Google today is making one of its cloud services, the Cloud Dataflow data-processing system, available in beta for engineers to try out.
Announced in June, Cloud Dataflow can handle batch and streaming workloads alike. It could come in handy for the dirty work of wrangling complex data — often referred to extract, transform, load (ETL) — before analysts can query it all.
Google has been accepting applications for a private alpha of the service for the past few months, but now anyone can try it.
“Today, nothing stands between you and the satisfaction of seeing your processing logic, applied in streaming or batch mode (your choice), via a fully managed processing service,” Google product manager William Vambenepe wrote in a blog post on the new feature. “Just write a program, submit it and Cloud Dataflow will do the rest. No clusters to manage, Cloud Dataflow will start the needed resources, autoscale them (within the bounds you choose) and terminate them as soon as the work is done.”
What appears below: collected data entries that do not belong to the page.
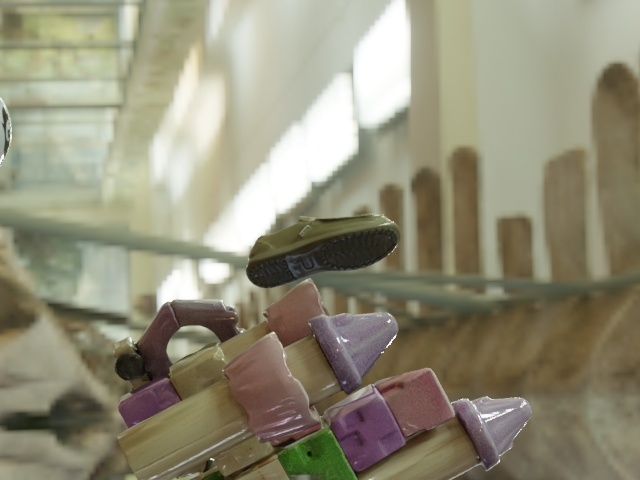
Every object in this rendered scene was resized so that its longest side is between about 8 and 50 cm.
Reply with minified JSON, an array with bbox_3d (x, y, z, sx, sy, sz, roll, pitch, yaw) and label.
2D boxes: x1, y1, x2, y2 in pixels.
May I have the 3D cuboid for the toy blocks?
[{"bbox_3d":[0.026,0.156,1.222,0.288,0.260,0.309,62,-3,-10],"label":"toy blocks"}]

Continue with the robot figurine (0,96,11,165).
[{"bbox_3d":[-0.424,-0.165,1.733,0.278,0.173,0.209,59,12,12],"label":"robot figurine"}]

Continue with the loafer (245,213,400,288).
[{"bbox_3d":[0.000,0.000,1.592,0.056,0.148,0.050,78,-1,-48],"label":"loafer"}]

Cloud Dataflow relies on Google Compute Engine for raw computing power, as well as Google Cloud Storage and BigQuery for storing and accessing data. In other words, it’s an abstraction of several components of the Google Cloud Platform, a portfolio of cloud infrastructure tools that competes with Microsoft Azure and Amazon Web Services, among others.
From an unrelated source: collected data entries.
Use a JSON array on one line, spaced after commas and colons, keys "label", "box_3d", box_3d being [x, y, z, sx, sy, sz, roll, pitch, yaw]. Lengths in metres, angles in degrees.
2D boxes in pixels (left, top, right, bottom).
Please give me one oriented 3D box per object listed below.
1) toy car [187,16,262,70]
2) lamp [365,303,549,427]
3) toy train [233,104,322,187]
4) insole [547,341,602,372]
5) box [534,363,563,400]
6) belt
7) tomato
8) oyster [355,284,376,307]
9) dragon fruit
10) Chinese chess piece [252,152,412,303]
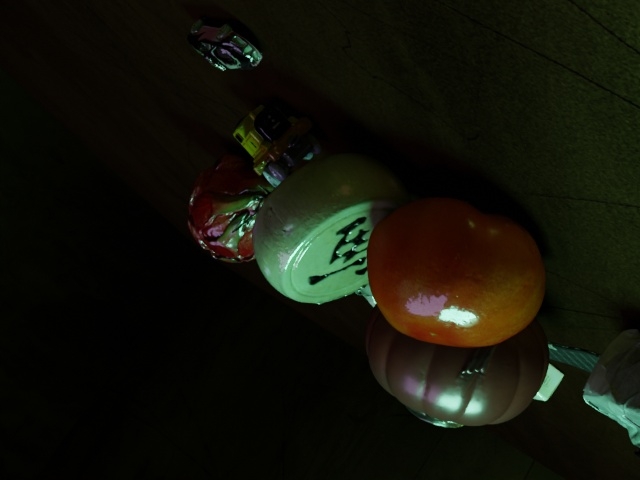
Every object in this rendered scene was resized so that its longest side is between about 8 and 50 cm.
[{"label": "toy car", "box_3d": [-0.137, -0.267, 1.283, 0.069, 0.055, 0.142, 38, 172, -36]}, {"label": "lamp", "box_3d": [0.225, 0.174, 1.519, 0.303, 0.257, 0.303, 11, -159, -4]}, {"label": "toy train", "box_3d": [-0.074, -0.161, 1.485, 0.127, 0.089, 0.219, 47, 170, -6]}, {"label": "insole", "box_3d": [0.468, 0.217, 1.664, 0.110, 0.012, 0.309, 39, 169, -26]}, {"label": "box", "box_3d": [0.358, 0.228, 1.911, 0.256, 0.069, 0.164, 37, 170, -4]}, {"label": "belt", "box_3d": [0.479, 0.228, 1.240, 0.184, 0.164, 0.289, 33, 174, -20]}, {"label": "tomato", "box_3d": [0.180, 0.049, 1.276, 0.259, 0.180, 0.260, 14, 159, 5]}, {"label": "oyster", "box_3d": [0.155, 0.116, 1.718, 0.252, 0.087, 0.199, 26, 164, -10]}, {"label": "dragon fruit", "box_3d": [-0.165, -0.075, 1.907, 0.233, 0.234, 0.293, 36, 150, -5]}, {"label": "Chinese chess piece", "box_3d": [0.021, -0.015, 1.375, 0.101, 0.250, 0.250, 57, -177, 32]}]

Perhaps it’s not surprising that Amazon, the leader of the market, has also been building helpful abstractions of its underlying cloud-infrastructure services — Amazon’s Lambda event-driven computing service comes to mind. But Google is coming up quick, and Cloud Dataflow could be an appealing service for developers looking to build data-rich programs.
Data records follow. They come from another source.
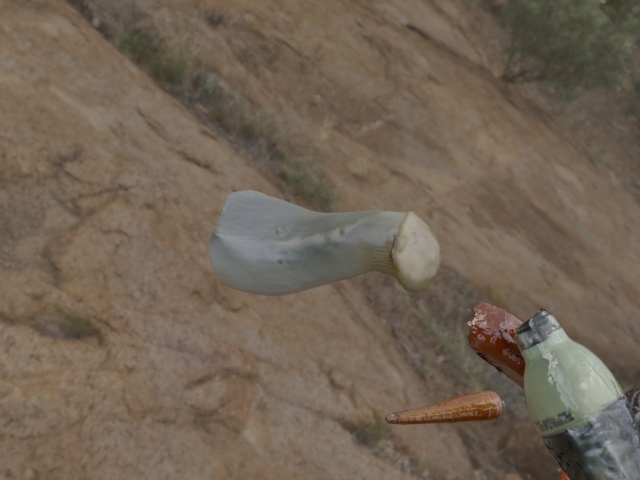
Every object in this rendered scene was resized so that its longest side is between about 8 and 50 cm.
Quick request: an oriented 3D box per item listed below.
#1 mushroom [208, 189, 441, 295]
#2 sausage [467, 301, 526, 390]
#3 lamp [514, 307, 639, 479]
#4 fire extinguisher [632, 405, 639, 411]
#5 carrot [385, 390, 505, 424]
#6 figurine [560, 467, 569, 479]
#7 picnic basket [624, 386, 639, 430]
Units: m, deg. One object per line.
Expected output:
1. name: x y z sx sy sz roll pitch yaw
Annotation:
1. mushroom: 0.000 0.000 1.193 0.122 0.329 0.159 34 61 -60
2. sausage: 0.383 0.218 1.574 0.330 0.102 0.102 38 32 -27
3. lamp: 0.277 0.189 0.923 0.101 0.101 0.250 -15 74 -54
4. fire extinguisher: 0.413 0.395 1.160 0.136 0.337 0.114 22 14 24
5. carrot: 0.254 0.338 1.760 0.257 0.061 0.061 -3 51 -15
6. figurine: 0.465 0.536 1.655 0.306 0.412 0.241 26 41 -42
7. picnic basket: 0.526 0.354 1.332 0.297 0.129 0.222 50 21 8

Google has been preparing for this rollout. In December, Google issued an open-source Java software-development kit (SDK) for Cloud Dataflow. And in January the company announced that it was collaborating with Hadoop distribution vendor Cloudera to make the Dataflow programming model compatible with Spark.
Also today, Google introduced new features for BigQuery, its managed data-analysis service. The service now lets users tack on permissions for access to specific rows of data in tables. Google has bumped up BigQuery’s default ingestion limit to 100,000 rows per second for each table. And it’s now possible for BigQuery users to isolate data in Google data centers in specific places around the world, including the company’s three zones in Europe.